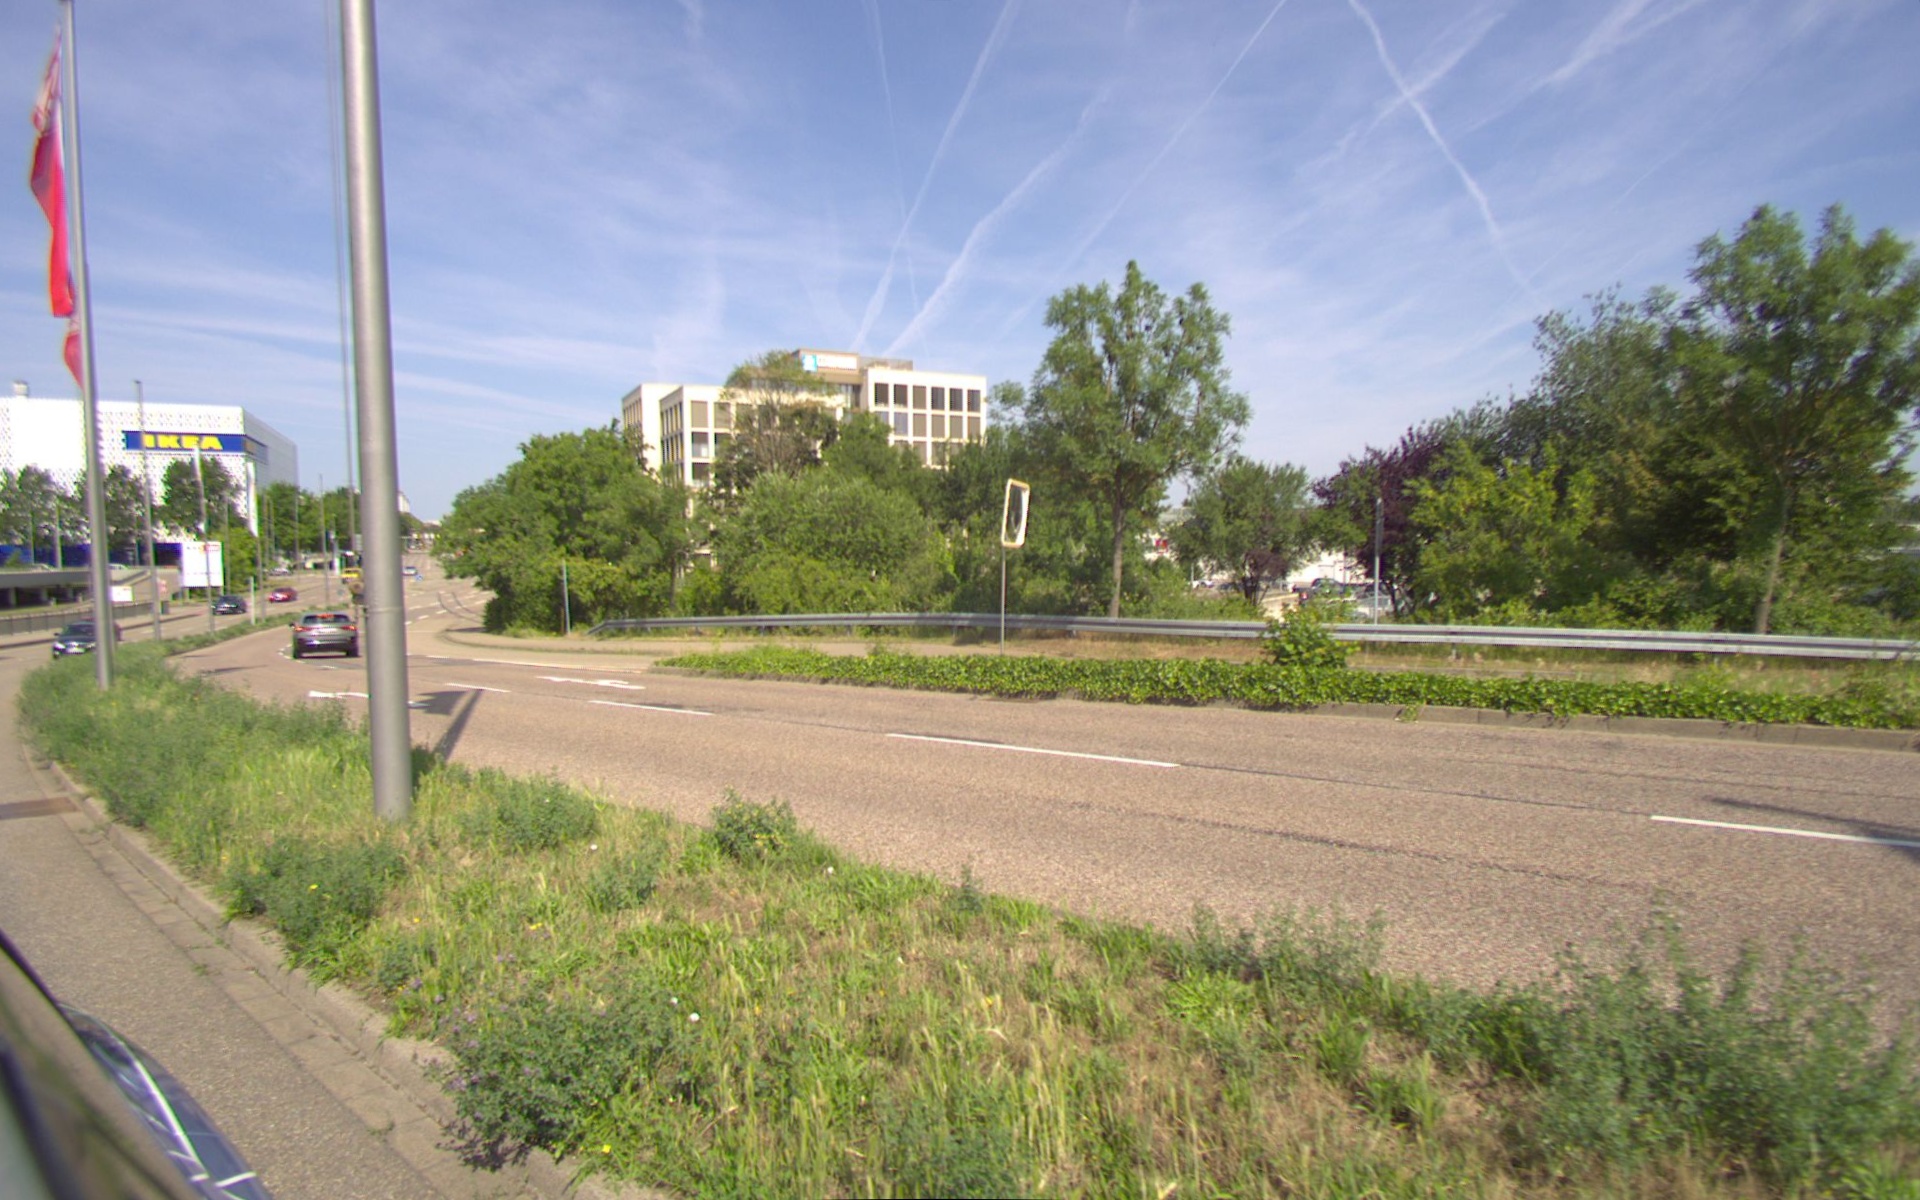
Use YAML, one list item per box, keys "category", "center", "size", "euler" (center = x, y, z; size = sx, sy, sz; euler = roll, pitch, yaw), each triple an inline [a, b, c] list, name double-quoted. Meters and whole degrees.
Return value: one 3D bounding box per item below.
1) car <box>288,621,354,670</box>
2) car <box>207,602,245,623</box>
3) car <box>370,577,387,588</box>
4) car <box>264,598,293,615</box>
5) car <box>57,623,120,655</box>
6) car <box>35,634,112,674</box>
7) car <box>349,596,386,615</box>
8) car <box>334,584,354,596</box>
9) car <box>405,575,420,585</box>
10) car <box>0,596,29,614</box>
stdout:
- category: "car"
  center: [-21.501, 1.503, 34.020]
  size: [1.759, 1.496, 4.271]
  euler: [0, -2, -33]
- category: "car"
  center: [-60.667, 0.998, 83.726]
  size: [1.795, 1.485, 4.014]
  euler: [-1, 3, -25]
- category: "car"
  center: [-87.712, -2.684, 152.669]
  size: [1.795, 1.485, 4.014]
  euler: [-1, 3, -23]
- category: "car"
  center: [-67.636, 0.610, 100.495]
  size: [1.795, 1.485, 4.014]
  euler: [-1, 3, -25]
- category: "car"
  center: [-48.754, 2.171, 56.701]
  size: [1.748, 1.671, 4.157]
  euler: [-1, -1, -28]
- category: "car"
  center: [-35.580, 2.118, 40.707]
  size: [1.820, 1.429, 4.011]
  euler: [0, -1, -34]
- category: "car"
  center: [-55.106, 0.528, 94.039]
  size: [4.144, 1.540, 1.836]
  euler: [3, 3, 43]
- category: "car"
  center: [-82.297, -1.344, 135.208]
  size: [1.795, 1.485, 4.014]
  euler: [-1, 3, -25]
- category: "car"
  center: [-85.010, -3.098, 157.287]
  size: [1.795, 1.485, 4.014]
  euler: [-1, 3, -25]
- category: "car"
  center: [-102.169, 0.589, 107.667]
  size: [4.245, 1.848, 2.006]
  euler: [-2, 1, -31]
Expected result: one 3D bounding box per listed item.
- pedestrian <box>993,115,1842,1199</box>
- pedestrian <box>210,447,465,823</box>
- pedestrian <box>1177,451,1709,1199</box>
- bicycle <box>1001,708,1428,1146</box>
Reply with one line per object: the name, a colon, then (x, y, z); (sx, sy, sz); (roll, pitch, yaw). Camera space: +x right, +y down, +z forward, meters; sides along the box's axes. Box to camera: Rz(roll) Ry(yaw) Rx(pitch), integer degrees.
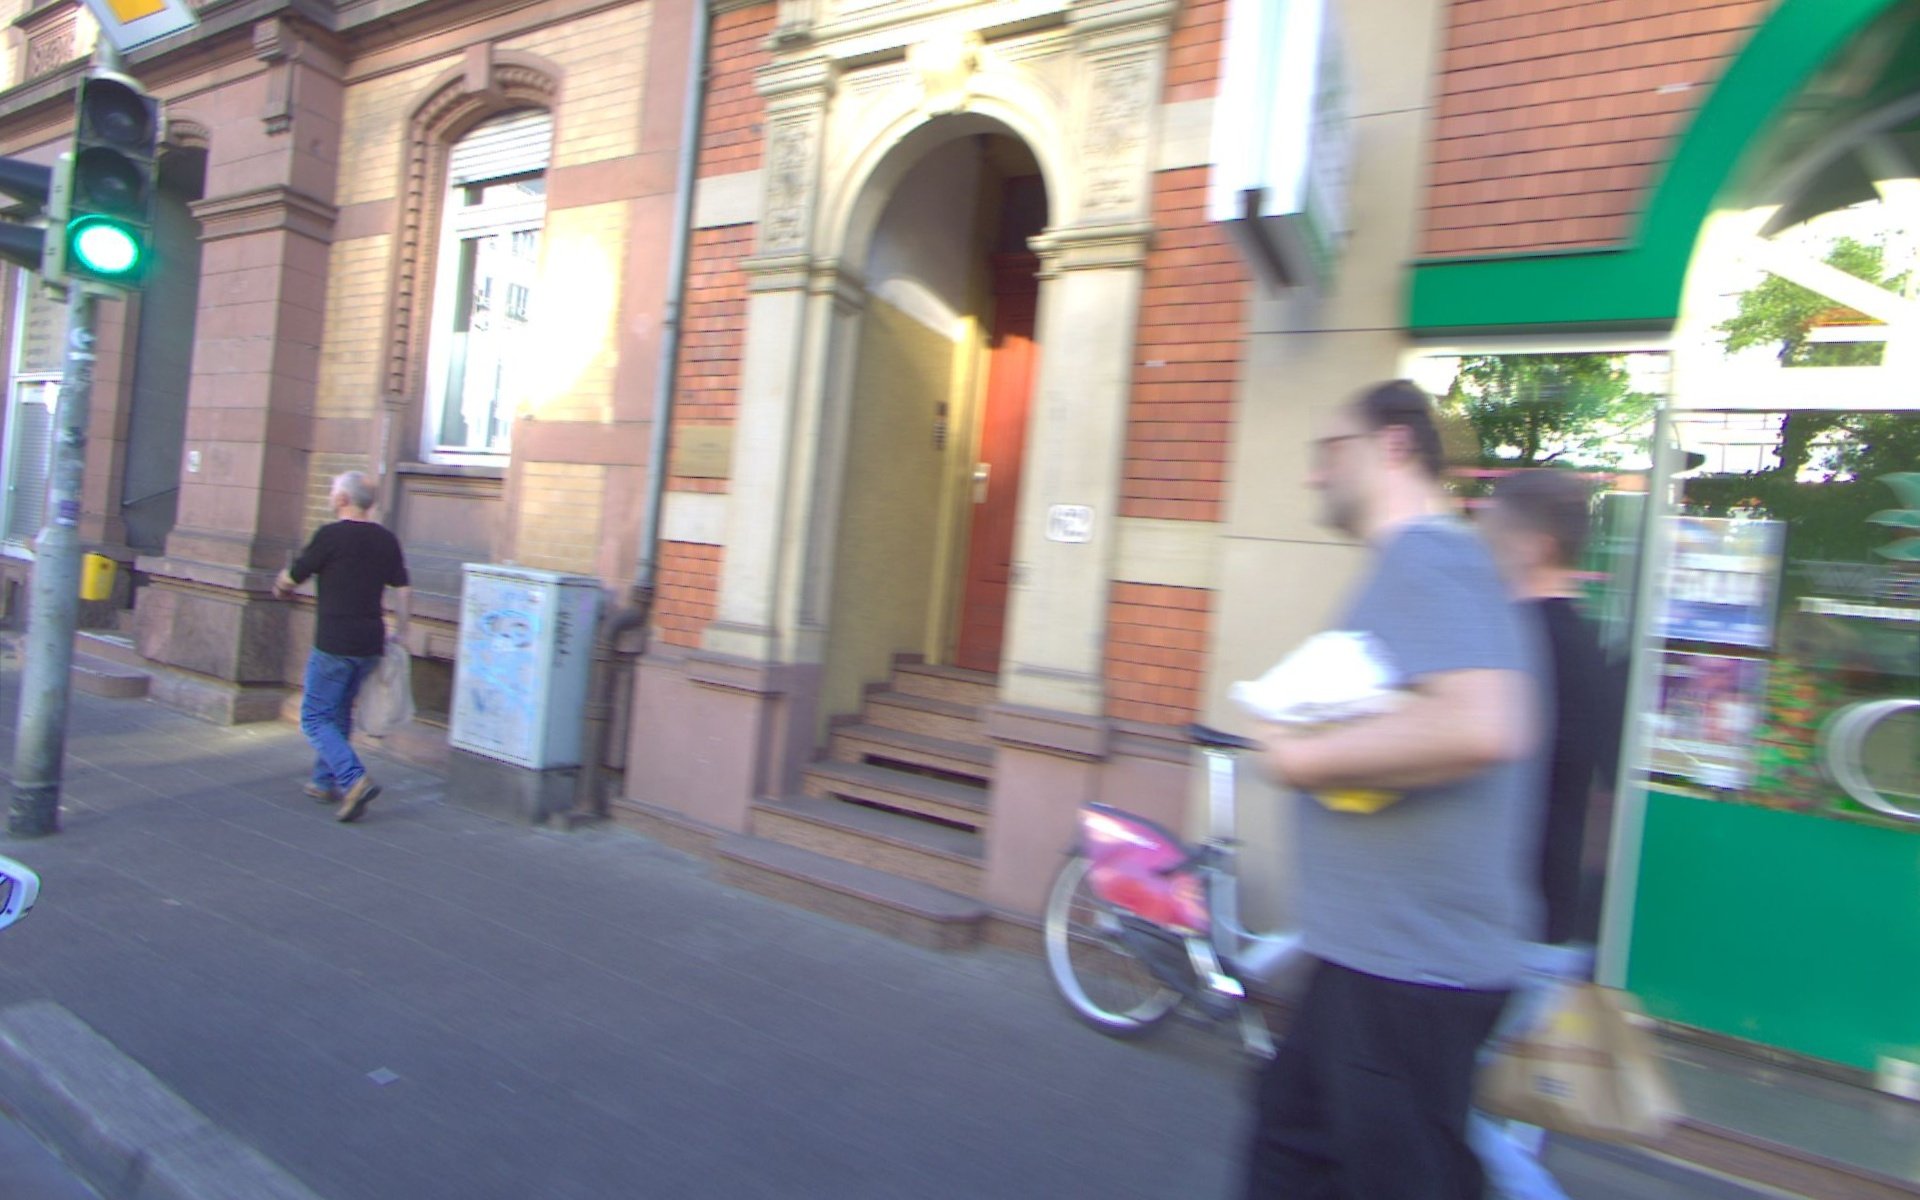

#### WHAT THIS TASK INVOLVES
Retype each record exactly as it appears above and drop the images.

#### RESPONSE BOX
Use YAML, one list item per box, keys "category", "center", "size", "euler" (center = x, y, z; size = sx, sy, sz; euler = roll, pitch, yaw), each triple an inline [a, b, c] list, name double-quoted. Meters and whole degrees.
Return value: one 3D bounding box per item below.
1) car <box>288,621,354,670</box>
2) car <box>207,602,245,623</box>
3) car <box>370,577,387,588</box>
4) car <box>264,598,293,615</box>
5) car <box>57,623,120,655</box>
6) car <box>35,634,112,674</box>
7) car <box>349,596,386,615</box>
8) car <box>334,584,354,596</box>
9) car <box>405,575,420,585</box>
10) car <box>0,596,29,614</box>
stdout:
- category: "car"
  center: [-21.501, 1.503, 34.020]
  size: [1.759, 1.496, 4.271]
  euler: [0, -2, -33]
- category: "car"
  center: [-60.667, 0.998, 83.726]
  size: [1.795, 1.485, 4.014]
  euler: [-1, 3, -25]
- category: "car"
  center: [-87.712, -2.684, 152.669]
  size: [1.795, 1.485, 4.014]
  euler: [-1, 3, -23]
- category: "car"
  center: [-67.636, 0.610, 100.495]
  size: [1.795, 1.485, 4.014]
  euler: [-1, 3, -25]
- category: "car"
  center: [-48.754, 2.171, 56.701]
  size: [1.748, 1.671, 4.157]
  euler: [-1, -1, -28]
- category: "car"
  center: [-35.580, 2.118, 40.707]
  size: [1.820, 1.429, 4.011]
  euler: [0, -1, -34]
- category: "car"
  center: [-55.106, 0.528, 94.039]
  size: [4.144, 1.540, 1.836]
  euler: [3, 3, 43]
- category: "car"
  center: [-82.297, -1.344, 135.208]
  size: [1.795, 1.485, 4.014]
  euler: [-1, 3, -25]
- category: "car"
  center: [-85.010, -3.098, 157.287]
  size: [1.795, 1.485, 4.014]
  euler: [-1, 3, -25]
- category: "car"
  center: [-102.169, 0.589, 107.667]
  size: [4.245, 1.848, 2.006]
  euler: [-2, 1, -31]
Expected result: one 3D bounding box per listed item.
- pedestrian <box>993,115,1842,1199</box>
- pedestrian <box>210,447,465,823</box>
- pedestrian <box>1177,451,1709,1199</box>
- bicycle <box>1001,708,1428,1146</box>
Reply with one line per object: the name, a colon, then (x, y, z); (sx, sy, sz); (roll, pitch, yaw). Camera space: +x right, +y down, +z forward, meters; sides along the box's axes. Box to camera: Rz(roll) Ry(yaw) Rx(pitch), integer degrees.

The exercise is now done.